Block 1 - Chat with Gemini
Build a working Torah chatbot that talks to Gemini directly.
Step 1: First LLM call [DONE]
Python script that sends a Torah question to Gemini and displays the answer. Google GenAI SDK, system prompts, input validation. 6 tests green.
Step 2: Next.js frontend [DONE]
Chat interface with Next.js + shadcn/ui. Cal AI-inspired design (Bricolage Grotesque + Inter fonts, monochrome + orange accent). SSE streaming display word by word.
Step 3: Prompt engineering [DONE]
Chavruta system prompt with structured output format (TL;DR, Sources, Explanation). Guardrails: never invent sources, halakhic disclaimer rendered as amber warning box. SSE chunks encoded as JSON to preserve Markdown newlines. 5 prompt-specific tests green.
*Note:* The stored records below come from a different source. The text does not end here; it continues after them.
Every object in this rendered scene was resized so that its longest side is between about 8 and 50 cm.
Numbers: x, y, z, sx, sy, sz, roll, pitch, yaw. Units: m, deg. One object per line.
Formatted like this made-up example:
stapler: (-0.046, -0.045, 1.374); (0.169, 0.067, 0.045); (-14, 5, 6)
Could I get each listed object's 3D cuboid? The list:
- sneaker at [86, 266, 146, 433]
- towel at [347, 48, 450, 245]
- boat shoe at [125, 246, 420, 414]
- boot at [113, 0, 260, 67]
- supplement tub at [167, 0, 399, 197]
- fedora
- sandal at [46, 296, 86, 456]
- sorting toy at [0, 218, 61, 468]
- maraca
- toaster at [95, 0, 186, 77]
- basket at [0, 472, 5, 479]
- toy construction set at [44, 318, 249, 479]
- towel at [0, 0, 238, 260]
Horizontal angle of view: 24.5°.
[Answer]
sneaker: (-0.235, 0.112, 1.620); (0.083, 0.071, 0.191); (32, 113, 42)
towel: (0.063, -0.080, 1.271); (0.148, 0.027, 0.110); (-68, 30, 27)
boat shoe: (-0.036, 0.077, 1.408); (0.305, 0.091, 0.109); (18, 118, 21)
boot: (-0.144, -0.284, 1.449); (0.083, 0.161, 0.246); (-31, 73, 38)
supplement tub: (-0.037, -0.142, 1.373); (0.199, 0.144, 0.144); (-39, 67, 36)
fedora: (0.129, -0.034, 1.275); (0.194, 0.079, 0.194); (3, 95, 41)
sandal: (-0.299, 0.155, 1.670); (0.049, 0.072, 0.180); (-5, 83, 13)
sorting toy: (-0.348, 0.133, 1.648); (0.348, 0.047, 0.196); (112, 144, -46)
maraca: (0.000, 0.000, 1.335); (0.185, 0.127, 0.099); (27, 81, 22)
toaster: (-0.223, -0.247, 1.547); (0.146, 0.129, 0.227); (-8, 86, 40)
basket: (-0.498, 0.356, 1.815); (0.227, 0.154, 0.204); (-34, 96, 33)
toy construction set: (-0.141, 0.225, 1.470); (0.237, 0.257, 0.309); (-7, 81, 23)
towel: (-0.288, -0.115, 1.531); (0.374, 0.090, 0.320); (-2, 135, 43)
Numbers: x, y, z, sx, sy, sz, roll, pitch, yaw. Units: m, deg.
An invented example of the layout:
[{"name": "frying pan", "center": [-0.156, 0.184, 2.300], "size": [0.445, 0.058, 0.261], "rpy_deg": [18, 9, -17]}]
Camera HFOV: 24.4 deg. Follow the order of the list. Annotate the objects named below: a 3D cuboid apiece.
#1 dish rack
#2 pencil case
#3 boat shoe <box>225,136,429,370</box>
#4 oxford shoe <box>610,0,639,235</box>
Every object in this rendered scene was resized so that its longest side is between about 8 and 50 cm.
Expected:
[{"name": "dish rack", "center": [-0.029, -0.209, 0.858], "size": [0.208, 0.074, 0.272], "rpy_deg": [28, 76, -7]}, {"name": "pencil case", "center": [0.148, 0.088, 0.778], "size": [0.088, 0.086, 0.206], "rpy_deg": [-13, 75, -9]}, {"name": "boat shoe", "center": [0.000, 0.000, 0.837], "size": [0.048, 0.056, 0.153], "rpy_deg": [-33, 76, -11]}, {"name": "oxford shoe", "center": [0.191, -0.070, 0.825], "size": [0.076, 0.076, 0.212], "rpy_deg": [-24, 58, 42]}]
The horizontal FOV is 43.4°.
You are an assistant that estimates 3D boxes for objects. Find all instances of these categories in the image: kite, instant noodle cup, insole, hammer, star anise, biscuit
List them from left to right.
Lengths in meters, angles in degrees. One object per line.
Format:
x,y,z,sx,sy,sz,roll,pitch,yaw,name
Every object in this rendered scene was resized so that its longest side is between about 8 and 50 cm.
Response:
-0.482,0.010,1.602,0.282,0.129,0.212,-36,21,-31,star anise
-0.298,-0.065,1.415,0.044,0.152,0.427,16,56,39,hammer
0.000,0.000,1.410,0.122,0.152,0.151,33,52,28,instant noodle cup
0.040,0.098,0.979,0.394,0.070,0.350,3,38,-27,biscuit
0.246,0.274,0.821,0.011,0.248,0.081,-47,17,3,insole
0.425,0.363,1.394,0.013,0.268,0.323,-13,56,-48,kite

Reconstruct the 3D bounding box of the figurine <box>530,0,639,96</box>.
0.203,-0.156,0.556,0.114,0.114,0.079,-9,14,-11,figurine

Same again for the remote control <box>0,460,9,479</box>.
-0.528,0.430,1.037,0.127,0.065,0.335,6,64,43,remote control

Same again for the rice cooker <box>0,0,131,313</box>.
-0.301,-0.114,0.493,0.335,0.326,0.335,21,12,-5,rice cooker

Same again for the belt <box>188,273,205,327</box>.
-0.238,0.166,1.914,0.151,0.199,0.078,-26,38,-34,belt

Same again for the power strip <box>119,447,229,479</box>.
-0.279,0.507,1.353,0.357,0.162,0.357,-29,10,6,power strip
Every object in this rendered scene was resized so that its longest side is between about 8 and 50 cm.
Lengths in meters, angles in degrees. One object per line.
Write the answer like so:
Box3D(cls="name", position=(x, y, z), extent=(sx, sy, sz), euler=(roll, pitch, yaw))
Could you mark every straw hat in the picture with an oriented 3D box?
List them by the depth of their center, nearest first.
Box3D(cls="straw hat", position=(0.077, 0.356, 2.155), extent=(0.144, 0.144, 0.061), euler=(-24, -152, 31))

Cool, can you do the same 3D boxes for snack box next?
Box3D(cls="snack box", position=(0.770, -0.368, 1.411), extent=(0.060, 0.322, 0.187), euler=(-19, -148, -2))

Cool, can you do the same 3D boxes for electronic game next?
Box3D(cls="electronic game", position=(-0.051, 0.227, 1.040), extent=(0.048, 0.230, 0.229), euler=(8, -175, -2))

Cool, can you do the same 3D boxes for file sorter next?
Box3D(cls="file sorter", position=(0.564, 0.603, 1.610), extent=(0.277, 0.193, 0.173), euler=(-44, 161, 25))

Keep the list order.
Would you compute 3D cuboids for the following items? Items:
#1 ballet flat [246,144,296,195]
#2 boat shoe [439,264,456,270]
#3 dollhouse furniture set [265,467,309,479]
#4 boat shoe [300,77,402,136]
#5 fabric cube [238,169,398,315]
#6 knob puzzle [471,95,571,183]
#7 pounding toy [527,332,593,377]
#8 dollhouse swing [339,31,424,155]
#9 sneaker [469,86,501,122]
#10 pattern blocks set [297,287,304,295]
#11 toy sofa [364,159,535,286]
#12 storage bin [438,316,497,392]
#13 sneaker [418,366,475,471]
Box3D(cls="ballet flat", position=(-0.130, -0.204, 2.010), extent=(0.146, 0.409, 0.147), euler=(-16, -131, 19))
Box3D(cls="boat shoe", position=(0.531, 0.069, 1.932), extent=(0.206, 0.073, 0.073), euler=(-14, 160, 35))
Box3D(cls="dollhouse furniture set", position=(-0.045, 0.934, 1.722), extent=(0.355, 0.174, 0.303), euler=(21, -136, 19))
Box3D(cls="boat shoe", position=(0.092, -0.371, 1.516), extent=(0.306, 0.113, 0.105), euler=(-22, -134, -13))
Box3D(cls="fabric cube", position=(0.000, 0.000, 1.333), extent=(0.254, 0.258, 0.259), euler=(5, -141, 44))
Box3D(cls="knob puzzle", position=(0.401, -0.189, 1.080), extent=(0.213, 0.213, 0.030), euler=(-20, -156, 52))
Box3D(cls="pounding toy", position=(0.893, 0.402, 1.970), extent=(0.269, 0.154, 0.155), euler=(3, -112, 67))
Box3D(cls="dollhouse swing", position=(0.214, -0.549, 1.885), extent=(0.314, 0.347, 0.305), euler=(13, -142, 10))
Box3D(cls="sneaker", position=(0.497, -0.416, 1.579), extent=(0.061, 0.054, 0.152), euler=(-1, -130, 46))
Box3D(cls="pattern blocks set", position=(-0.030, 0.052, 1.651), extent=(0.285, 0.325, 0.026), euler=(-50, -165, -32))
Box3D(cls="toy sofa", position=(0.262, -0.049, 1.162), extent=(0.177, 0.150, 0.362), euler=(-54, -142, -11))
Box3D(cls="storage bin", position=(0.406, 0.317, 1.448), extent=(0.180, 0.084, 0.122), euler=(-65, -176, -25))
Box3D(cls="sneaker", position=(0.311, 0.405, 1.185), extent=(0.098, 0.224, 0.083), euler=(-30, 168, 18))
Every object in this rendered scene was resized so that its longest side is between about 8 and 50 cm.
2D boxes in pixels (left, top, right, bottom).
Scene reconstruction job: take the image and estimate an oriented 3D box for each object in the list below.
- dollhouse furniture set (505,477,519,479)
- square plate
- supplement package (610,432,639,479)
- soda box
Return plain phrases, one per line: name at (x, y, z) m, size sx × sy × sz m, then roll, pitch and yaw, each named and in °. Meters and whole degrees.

Block 2 - Make it a real app
Add a backend, auth, persistence, and ship it live.
Step 4: FastAPI backend [DONE]
REST API with POST /chat (sync) and POST /chat/stream (SSE). Health check endpoint. Error handling. CORS configured for Next.js. 4 API tests green.
Step 5: Auth + Save conversations [DONE]
JWT authentication (bcrypt + token). SQLite database with users, sessions, messages tables. CRUD endpoints for sessions. 7 auth tests green. MFA deferred to production deploy.
Step 6: History in frontend [DONE]
Login/register screen. Sidebar with past sessions, new chat button, sign out. Messages saved automatically. Click to resume a conversation. Token persisted in localStorage.
Step 7: Docker [DONE]
Dockerfiles for FastAPI (Python 3.14-slim) and Next.js (Node 22-alpine). docker-compose.yml with frontend + api. Weaviate already on Elestio, not in compose.
Step 8: Deploy to Elestio [SKIPPED]
Skipped for now. Will deploy after Block 4 is complete.
Block 3 - Add Sefaria knowledge
Build the RAG pipeline. Answers based on real texts.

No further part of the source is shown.